WHAT THE TASK REQUIRES:
Retype, exactly as they stand, the lines from the start of the data to the line that contains "- gift box (99, 75, 523, 440)", both ends included. Leave the pictures out.

EXERCISE DATA:
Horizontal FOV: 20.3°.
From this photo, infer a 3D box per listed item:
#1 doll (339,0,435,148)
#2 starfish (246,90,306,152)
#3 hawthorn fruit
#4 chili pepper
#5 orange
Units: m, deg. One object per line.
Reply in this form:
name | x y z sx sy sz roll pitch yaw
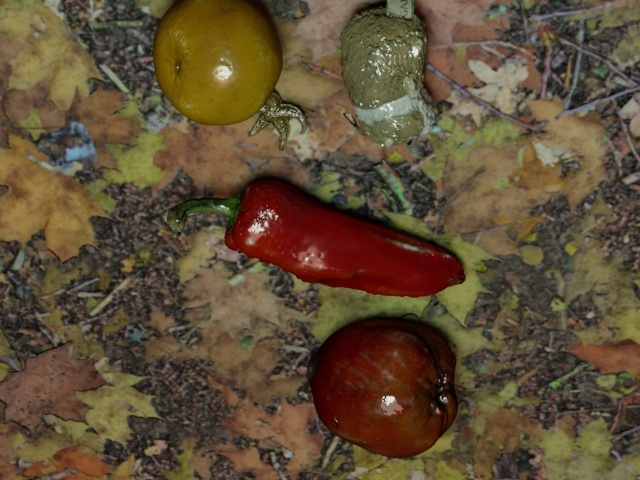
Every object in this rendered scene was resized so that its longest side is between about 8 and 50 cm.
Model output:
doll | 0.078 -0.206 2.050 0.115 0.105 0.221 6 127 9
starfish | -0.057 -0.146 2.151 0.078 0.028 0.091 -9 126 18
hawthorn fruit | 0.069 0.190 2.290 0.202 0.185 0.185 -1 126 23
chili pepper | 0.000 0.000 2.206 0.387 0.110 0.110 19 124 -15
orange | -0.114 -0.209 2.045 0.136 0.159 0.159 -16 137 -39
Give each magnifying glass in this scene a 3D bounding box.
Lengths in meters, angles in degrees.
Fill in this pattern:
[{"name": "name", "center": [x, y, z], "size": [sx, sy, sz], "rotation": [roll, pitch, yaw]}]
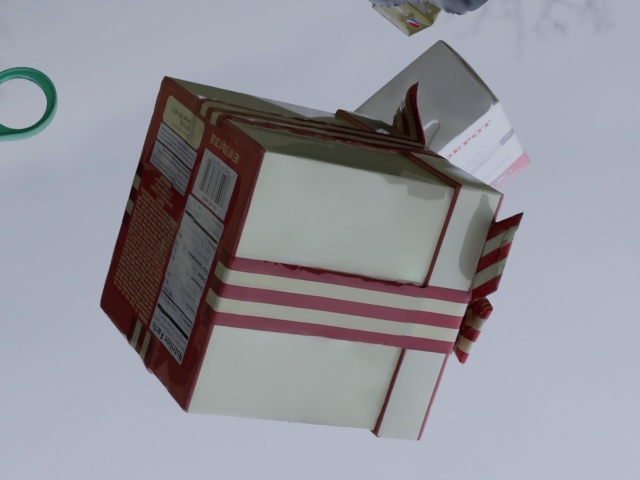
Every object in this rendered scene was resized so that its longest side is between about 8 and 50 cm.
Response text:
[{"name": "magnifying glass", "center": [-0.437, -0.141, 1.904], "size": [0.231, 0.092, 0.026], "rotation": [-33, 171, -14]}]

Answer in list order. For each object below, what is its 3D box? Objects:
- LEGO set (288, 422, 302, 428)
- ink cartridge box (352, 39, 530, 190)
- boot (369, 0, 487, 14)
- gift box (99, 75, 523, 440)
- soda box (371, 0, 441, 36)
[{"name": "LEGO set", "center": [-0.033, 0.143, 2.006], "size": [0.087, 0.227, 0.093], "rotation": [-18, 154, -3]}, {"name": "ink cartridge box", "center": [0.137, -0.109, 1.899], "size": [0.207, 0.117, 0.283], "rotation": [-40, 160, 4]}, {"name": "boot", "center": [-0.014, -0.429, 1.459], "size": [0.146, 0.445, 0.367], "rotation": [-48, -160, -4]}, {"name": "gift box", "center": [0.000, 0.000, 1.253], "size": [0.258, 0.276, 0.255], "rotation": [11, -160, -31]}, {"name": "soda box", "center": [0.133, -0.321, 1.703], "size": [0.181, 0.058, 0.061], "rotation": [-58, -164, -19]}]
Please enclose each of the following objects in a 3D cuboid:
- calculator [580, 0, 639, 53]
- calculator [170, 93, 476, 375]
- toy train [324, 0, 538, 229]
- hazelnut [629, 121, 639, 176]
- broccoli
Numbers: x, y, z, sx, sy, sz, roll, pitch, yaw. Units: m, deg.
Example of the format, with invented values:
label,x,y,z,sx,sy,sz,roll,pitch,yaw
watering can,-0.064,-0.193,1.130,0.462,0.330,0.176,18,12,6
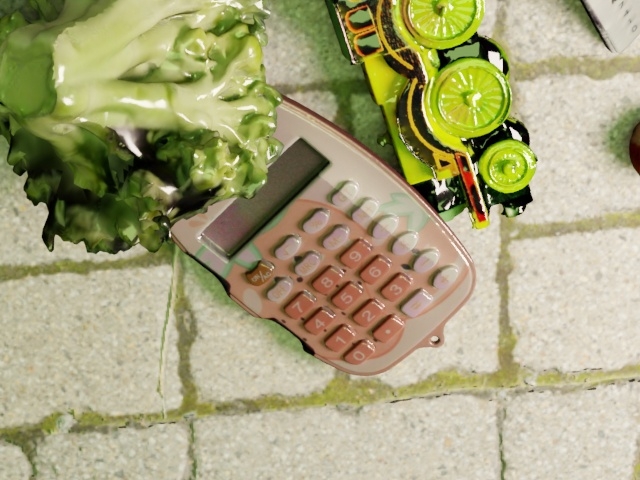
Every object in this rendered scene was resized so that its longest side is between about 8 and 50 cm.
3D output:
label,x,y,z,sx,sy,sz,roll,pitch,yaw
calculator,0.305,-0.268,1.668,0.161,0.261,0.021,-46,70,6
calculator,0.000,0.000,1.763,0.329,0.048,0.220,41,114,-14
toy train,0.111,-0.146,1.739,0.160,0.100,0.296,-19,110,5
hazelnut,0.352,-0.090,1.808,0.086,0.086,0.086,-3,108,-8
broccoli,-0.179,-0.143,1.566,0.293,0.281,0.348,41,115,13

SOLUTION FOR THIS TASK:
Horizontal FOV: 20.3°.
From this photo, infer a 3D box per listed item:
#1 doll (339,0,435,148)
#2 starfish (246,90,306,152)
#3 hawthorn fruit
#4 chili pepper
#5 orange
Units: m, deg. One object per line.
Reply in this form:
name | x y z sx sy sz roll pitch yaw
Every object in this rendered scene was resized so that its longest side is between about 8 and 50 cm.
Model output:
doll | 0.078 -0.206 2.050 0.115 0.105 0.221 6 127 9
starfish | -0.057 -0.146 2.151 0.078 0.028 0.091 -9 126 18
hawthorn fruit | 0.069 0.190 2.290 0.202 0.185 0.185 -1 126 23
chili pepper | 0.000 0.000 2.206 0.387 0.110 0.110 19 124 -15
orange | -0.114 -0.209 2.045 0.136 0.159 0.159 -16 137 -39
Give each magnifying glass in this scene a 3D bounding box.
Lengths in meters, angles in degrees.
Fill in this pattern:
[{"name": "name", "center": [x, y, z], "size": [sx, sy, sz], "rotation": [roll, pitch, yaw]}]
Every object in this rendered scene was resized so that its longest side is between about 8 and 50 cm.
Response text:
[{"name": "magnifying glass", "center": [-0.437, -0.141, 1.904], "size": [0.231, 0.092, 0.026], "rotation": [-33, 171, -14]}]

Answer in list order. For each object below, what is its 3D box? Objects:
- LEGO set (288, 422, 302, 428)
- ink cartridge box (352, 39, 530, 190)
- boot (369, 0, 487, 14)
- gift box (99, 75, 523, 440)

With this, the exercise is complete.